Concurrently, at the turn of the century, Prussia wanted to improve the literary part of the collection and established the Commission for the Purchase of Greek literary papyri from Egypt (Commission zur Erwerbung griechisch-litterarischer Papyri aus Egypten). Its aim was to secure the position of Berlin as a leading cultural city especially vis-à-vis London. To achieve this, the purchase of literary papyri was deemed necessary, because Berlin had lots of documentary Greek papyri – from 1895 onwards published in Berliner griechische Urkunden (Berlin Greek Documents, BGU) – but only few literary Greek papyri, for which in 1904 the publication series Berliner Klassiker Texte (Berlin Classics Texts, BKT) was formed.

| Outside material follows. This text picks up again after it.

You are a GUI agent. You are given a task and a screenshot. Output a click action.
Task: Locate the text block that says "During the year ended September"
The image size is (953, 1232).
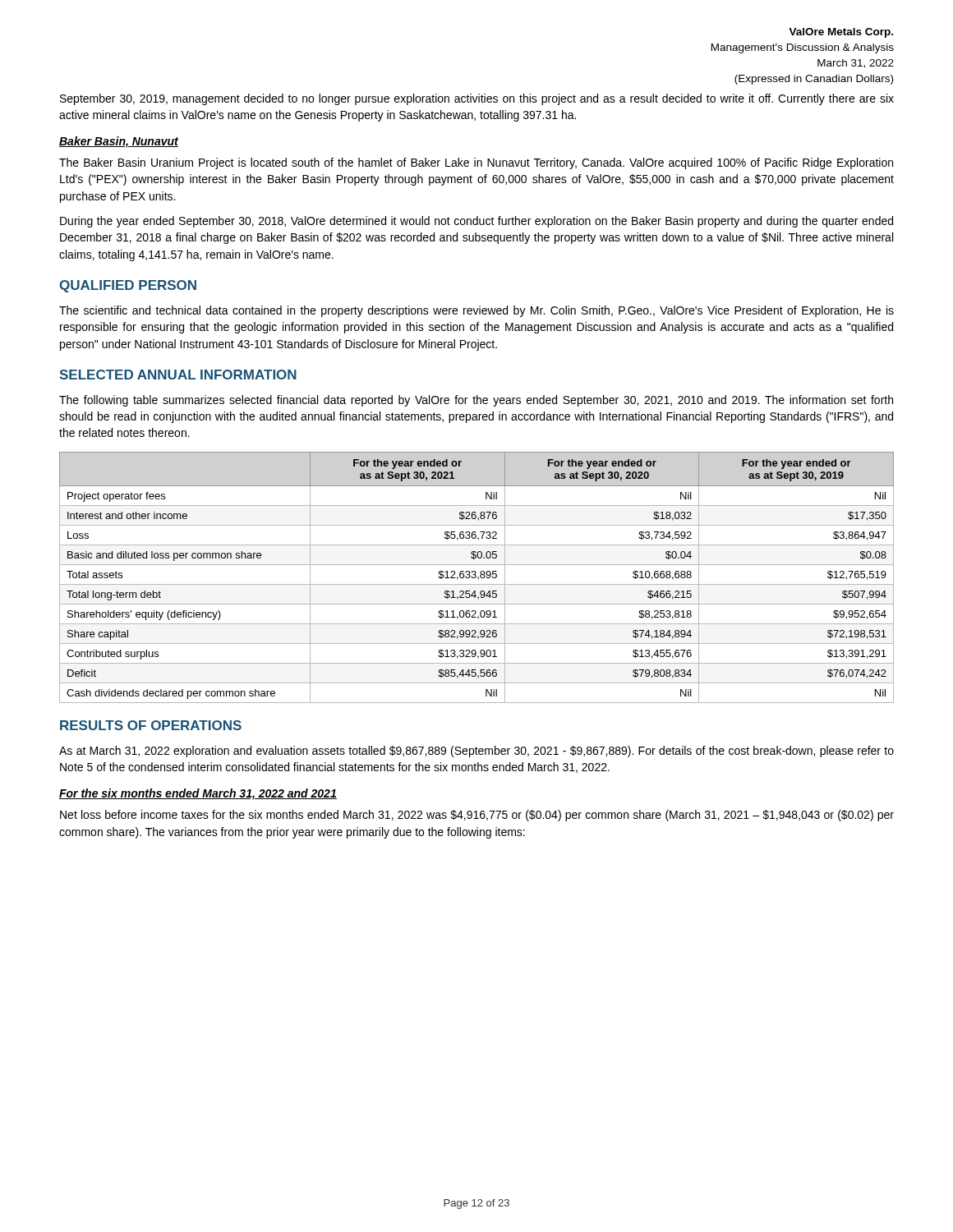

It was feared, however, that competition from within the German Empire, namely from Leipzig (Leipziger Papyruskommission), from the National Academic Library in Strasbourg, from Ernst Kornemann (capitalised by a rich patron) and from the University of Würzburg, would drive up the prices for papyri in Egypt, therefore a cartel was formed in 1903 (back-dated to 1 October 1902): the Papyrus-Kartel (Papyrus cartel). The cartel had two sections, one for Greek documentary papyri (section A) and one for Greek literary papyri (section B). Because the Berlin collection had already enough documentary papyri the collection was only part of section B of the cartel and managed this section. As it used the Prussian Papyrus Enterprise to facilitate its business, Otto Rubensohn was not only responsible for the excavations but also for the purchases of papyri for the collection.

All the papyri purchased by the cartel for section B were catalogued by the authorities of the Berlin museums and every 6 months (later every 12 months) an index was sent to all members of the cartel, and everyone could choose which papyri they wanted to acquire. If only one cartel member wanted to acquire the papyrus, they had to pay the price for which the papyrus had originally been purchased in Egypt. If more than one member was interested, than the winner was chosen at random.

Otto Rubensohn's time at the Prussian Papyrus Enterprise ended on 31 March 1907 and he was succeeded by Friedrich Zucker. Zucker headed the Prussian Papyrus Enterprise until its demise and the end of excavations in 1910. Important excavations were made by Zucker in Philadelphia (Faiyum) in 1908–1909 and Dimê 1909–1910. In 1912, Berlin left the cartel and with the outbreak of World War I, the cartel ceased to exist.

=== After World War II ===
After the end of World War II, the collection was expanded with the collection of Hugo Ibscher (1962 and 1967), a Coptic evangelium (Papyrus Berlin 22220) in 1967 and the repurchase of documents lost during the war.

== Editions and database ==
=== Editions ===
The Berliner griechische Urkunden (BGU) has been published in 22 volumes since 1895 and is currently published by De Gruyter. The series is devoted to publishing the around 3400 documents in Greek.

The Berliner Klassiker Texte (BKT) is a series devoted to publishing the literary papyri and other documents; its current publisher is also De Gruyter. It has been published since 1904. 10 volumes have been published.

=== Database ===
The Berlin Papyrus Database (Berliner Papyrusdatenbank, BerlPap) is a project of the Egyptian Museum and Papyrus Collection of Berlin sponsored by the German Research Foundation to digitize the papyri of the collection in Greek and Latin and since 2023 also the Coptic literary texts. The digitized papyri can be accessed freely online.